Now to update the data on slaves we can either opt for either synchronous or asynchronous replication. Both of these have their own pros and cons.
1. SYNCHRONOUS REPLICATION: Whenever a write comes to master it sends the same request to all of the slaves and waits for the acknowledgment from all of them. Once it receives the acknowledgment it completes the write and notifies the client.
Benefits of Synchronous replication
- It provides data consistency by assuring that all the nodes are having the updated data as all the slaves are in sync with the master.
- If the master node goes down any of the slaves can easily become master without any data loss.
Disadvantages of Synchronous replication
- Sometimes the system can be highly latent as master waits for an acknowledgment from all the slaves.
- If any of the slaves is unavailable or goes down then the master blocks all the writes until the synchronous replica is available again. Hence leads to lower availability.
2. ASYNCHRONOUS REPLICATION:Whenever a write comes to master it sends the same request to all of the slaves and doesn’t wait for an acknowledgment and completes the transaction.
This way master can continue to take writes even if all of the slave nodes fail.
Benefits of Asynchronous replication
- It provides low latency as the master doesn’t wait for data updation on the slaves.
- Higher availability as even if any of the slave nodes fail it doesn’t affect the master.
Disadvantages of Asynchronous replication
-
It can lead to data inconsistency due to replication-lag. i.e. It might take a significant time for the master to slave data replication. Due to this if you run the same query on master and slave (concurrent execution), you can get different results.
- If the master node fails in asynchronous systems, the newly appointed master might not have all the writes from the previous master. If the previous master comes back online and becomes a slave, it will have conflicting writes.
Hence a read-scale to the database can be achieved via replication. But how to add a write-scale? The answer is Sharding.
Sharding
Let’s say you have a pizza and you can’t have the entire thing by yourself so you break it into slices and call your friends.
Now each of these friends is going to get one slice of pizza what you have done effectively is partitioned the pizza according to each friend share just like that we can have multiple database servers which are going to be taking the load of the requests which are being sent into it.

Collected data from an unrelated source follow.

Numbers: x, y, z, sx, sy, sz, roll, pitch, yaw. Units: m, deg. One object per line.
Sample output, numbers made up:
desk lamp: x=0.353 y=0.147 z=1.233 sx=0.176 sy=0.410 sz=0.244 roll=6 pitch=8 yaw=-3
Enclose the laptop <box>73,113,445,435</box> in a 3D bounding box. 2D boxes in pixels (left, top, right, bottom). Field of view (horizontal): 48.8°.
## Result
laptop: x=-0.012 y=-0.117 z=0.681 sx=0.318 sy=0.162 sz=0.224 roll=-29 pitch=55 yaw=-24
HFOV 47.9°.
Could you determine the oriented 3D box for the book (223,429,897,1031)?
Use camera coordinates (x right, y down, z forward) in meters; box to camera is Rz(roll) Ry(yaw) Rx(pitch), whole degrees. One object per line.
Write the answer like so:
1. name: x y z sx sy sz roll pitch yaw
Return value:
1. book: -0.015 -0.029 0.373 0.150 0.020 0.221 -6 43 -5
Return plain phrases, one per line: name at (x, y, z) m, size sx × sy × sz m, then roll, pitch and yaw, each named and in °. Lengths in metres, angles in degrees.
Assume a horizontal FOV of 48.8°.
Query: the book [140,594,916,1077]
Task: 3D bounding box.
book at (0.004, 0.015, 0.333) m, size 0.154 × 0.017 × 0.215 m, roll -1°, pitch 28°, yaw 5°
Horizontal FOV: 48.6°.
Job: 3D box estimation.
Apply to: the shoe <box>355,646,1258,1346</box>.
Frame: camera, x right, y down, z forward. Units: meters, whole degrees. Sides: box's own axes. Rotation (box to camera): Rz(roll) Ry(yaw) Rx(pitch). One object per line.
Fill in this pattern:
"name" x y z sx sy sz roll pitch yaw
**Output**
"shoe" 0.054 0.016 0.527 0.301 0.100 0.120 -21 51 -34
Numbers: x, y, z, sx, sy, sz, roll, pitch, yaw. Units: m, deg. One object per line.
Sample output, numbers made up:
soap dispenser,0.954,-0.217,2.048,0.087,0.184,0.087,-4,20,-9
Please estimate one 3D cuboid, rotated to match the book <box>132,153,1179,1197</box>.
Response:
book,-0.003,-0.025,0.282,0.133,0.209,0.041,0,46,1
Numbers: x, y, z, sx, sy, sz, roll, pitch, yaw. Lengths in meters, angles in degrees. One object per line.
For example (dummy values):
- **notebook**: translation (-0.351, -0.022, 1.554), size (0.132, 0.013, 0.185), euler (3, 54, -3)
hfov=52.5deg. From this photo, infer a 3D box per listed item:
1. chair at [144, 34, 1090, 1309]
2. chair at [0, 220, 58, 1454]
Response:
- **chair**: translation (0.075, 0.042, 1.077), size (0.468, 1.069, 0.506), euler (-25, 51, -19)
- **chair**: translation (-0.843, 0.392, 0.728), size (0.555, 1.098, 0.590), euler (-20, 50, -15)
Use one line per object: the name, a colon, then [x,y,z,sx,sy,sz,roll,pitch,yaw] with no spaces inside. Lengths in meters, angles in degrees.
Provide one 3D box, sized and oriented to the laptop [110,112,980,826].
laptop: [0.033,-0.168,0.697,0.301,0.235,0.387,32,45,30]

So technically we are going to divide the complete DB load to N database servers in Sharding.
And each subset of incoming requests is going to be served by an individual server. Now each partition sits on an entirely different physical machine, and under the control of a separate database instance with the same database schema.
This is termed as sharding. It can also be termed as horizontal partitioning because sharding is basically horizontal partitioning across different physical machines/nodes.
Sharding provides Higher Availability, reduces read/write DB latencies, and can handle a high DB load efficiently.
There are multiple things that need to be considered while enabling sharding for your database. Two main things to be considered are as follows:
Shard-Key:
We need some identifier to decide from which database server a particular request should be served. i.e. there should be key based on which we should be deciding on which shard a request should go. We call this a shard_key or partition_key. Generally, we choose any column of the table as a shard_key.
Hash-Function:
Hashing is the process of converting an input of any length into a fixed-sized string of text using a mathematical function.This means that any text no matter how long it is can be converted into an array of numbers and letters.
This mathematical function used to generate a hash-value is termed as the hash function.
_So using the hash function we calculate the hash value for the shardkey and then map the hash value to a DB server.
In the below diagram, the hash function takes the shard_key (row-id) as input and returns the value by which we can identify to which shard it should go.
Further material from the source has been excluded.